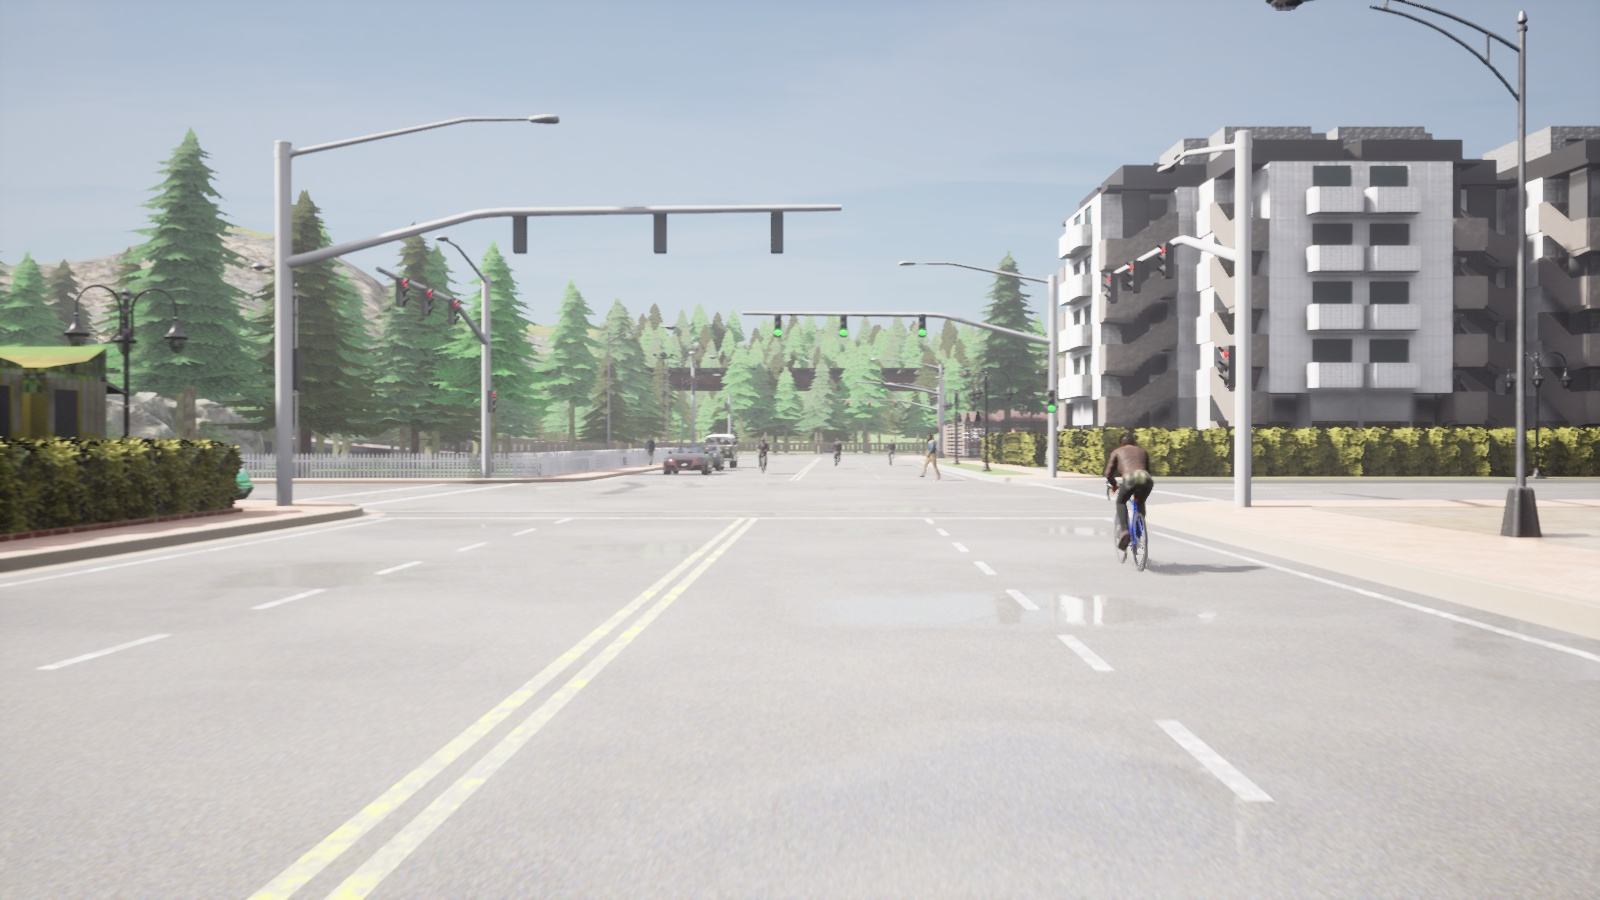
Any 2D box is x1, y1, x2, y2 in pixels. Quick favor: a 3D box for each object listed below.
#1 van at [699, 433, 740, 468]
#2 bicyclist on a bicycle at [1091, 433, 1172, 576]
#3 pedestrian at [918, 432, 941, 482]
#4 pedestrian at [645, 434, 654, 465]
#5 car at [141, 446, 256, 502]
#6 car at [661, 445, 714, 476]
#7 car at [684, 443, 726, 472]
-=-=-
## EXERCISE INSTRUCTIONS
Look above for the line containing "#1 van at [699, 433, 740, 468]", then transcribe it and all lines after it through the last, exactly and with nothing else.

## RESULT
#1 van at [699, 433, 740, 468]
#2 bicyclist on a bicycle at [1091, 433, 1172, 576]
#3 pedestrian at [918, 432, 941, 482]
#4 pedestrian at [645, 434, 654, 465]
#5 car at [141, 446, 256, 502]
#6 car at [661, 445, 714, 476]
#7 car at [684, 443, 726, 472]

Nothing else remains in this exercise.